Garvan was the son of Patrick Garvan, paper merchant and tobacco farmer, and Mary (Carroll) Garvan. In 1906 his sister, Genevieve Garvan, married prominent New York City businessman, Nicholas Frederic Brady. On June 9, 1910, Francis Patrick Garvan married Nicholas Brady's sister, Mabel. The couple had seven children, six of whom lived to adulthood:

1. Patricia Garvan (d. 1918)
2. Francis Patrick Garvan, Jr.
3. Mabel Brady Garvan (Mrs. Robert Philip Noble) (d. 1972)
4. Flora Brady Garvan (Mrs. Francis D. Winslow 2d)
5. Anthony Nicholas Brady Garvan
6. Peter Dunne Garvan
7. Marcia Anne Garvan (d. 2014)

Francis P. Garvan Jr., succeeded his father as the president of the Chemical Corporation in 1939.

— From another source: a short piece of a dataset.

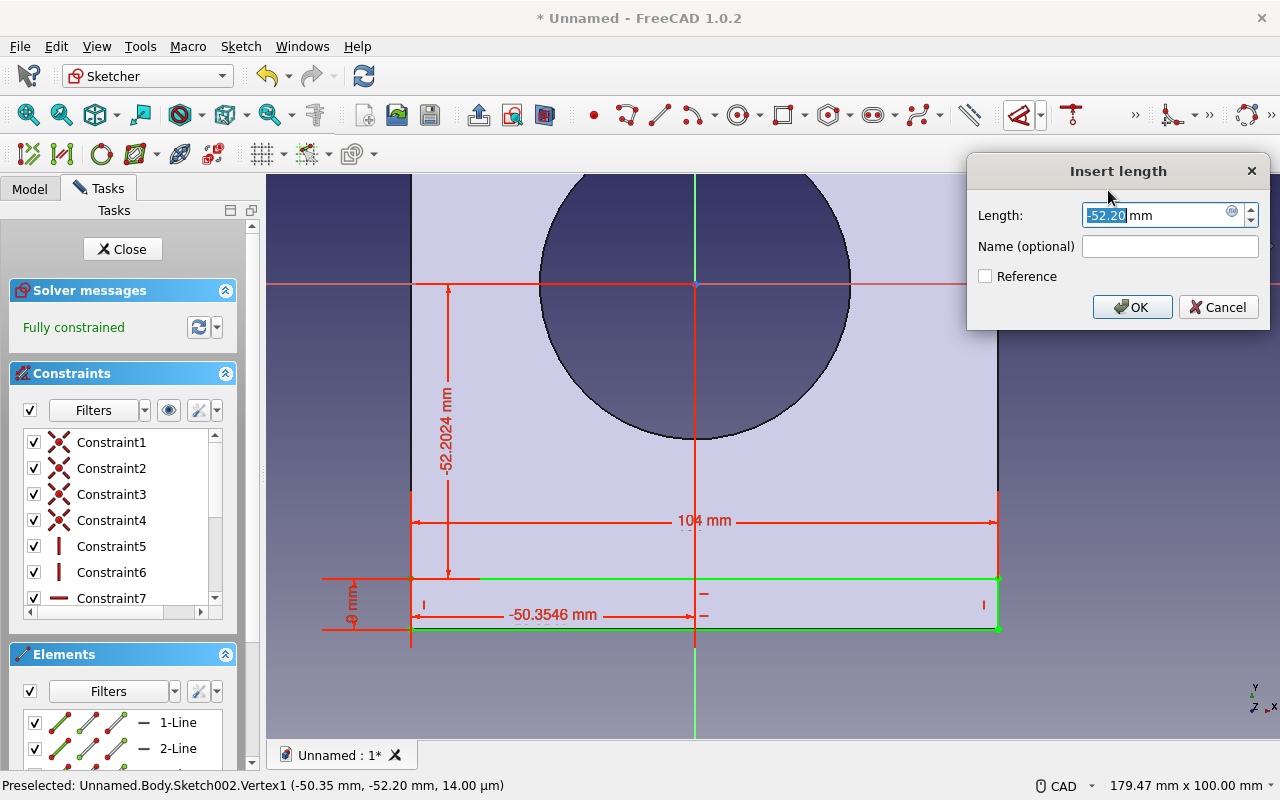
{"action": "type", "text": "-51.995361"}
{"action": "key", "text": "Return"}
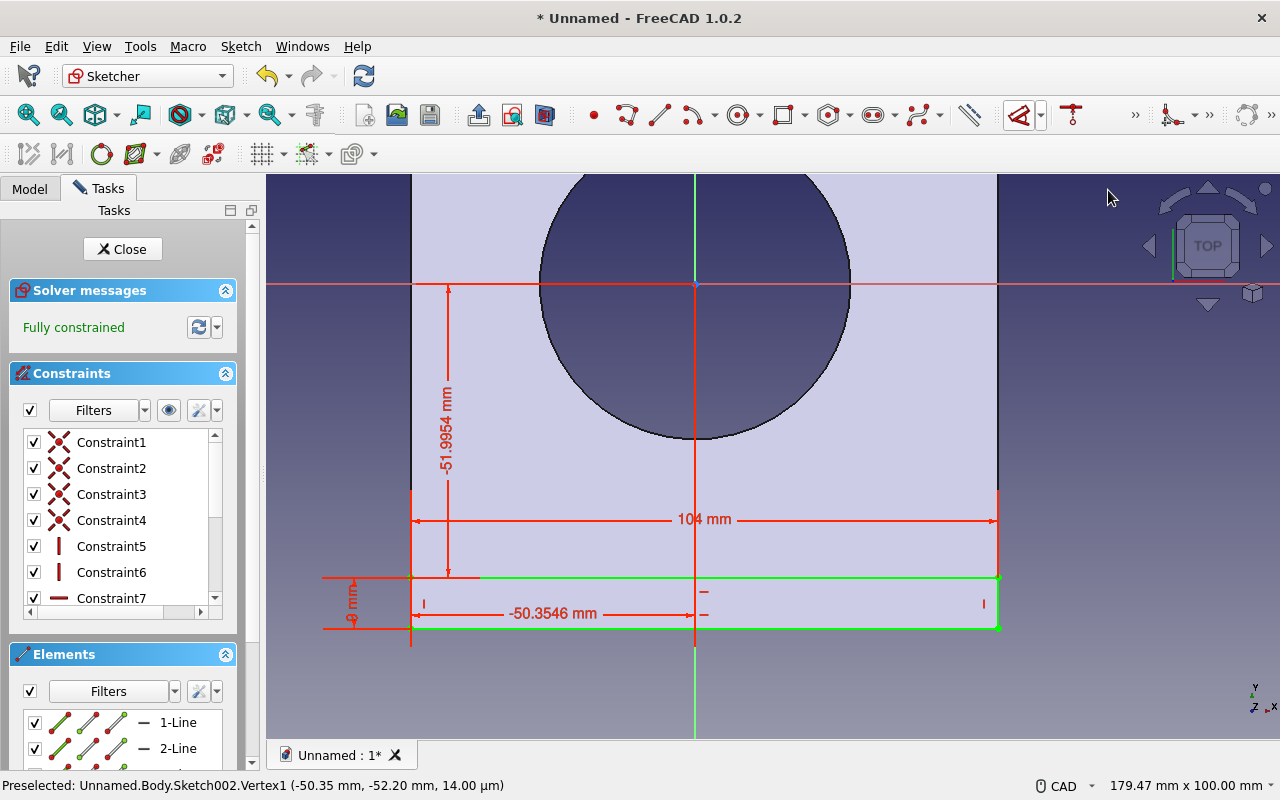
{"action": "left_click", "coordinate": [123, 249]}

In addition to the Garvans' chemical philanthropy, Francis Patrick Garvan and his wife Mabel Brady Garvan were collectors of decorative arts and furniture. They decided to donate the majority of assembled artifacts to Yale University. Over 10,000 art objects donated to Yale University are known today as the Mabel Brady Garvan Collection at the Yale University Art Gallery, one of the most complete collections of early American arts and crafts.

He died on November 7, 1937. Mabel Garvan continued to be involved with the Garvan-Olin Medal for thirty years after her husband's death.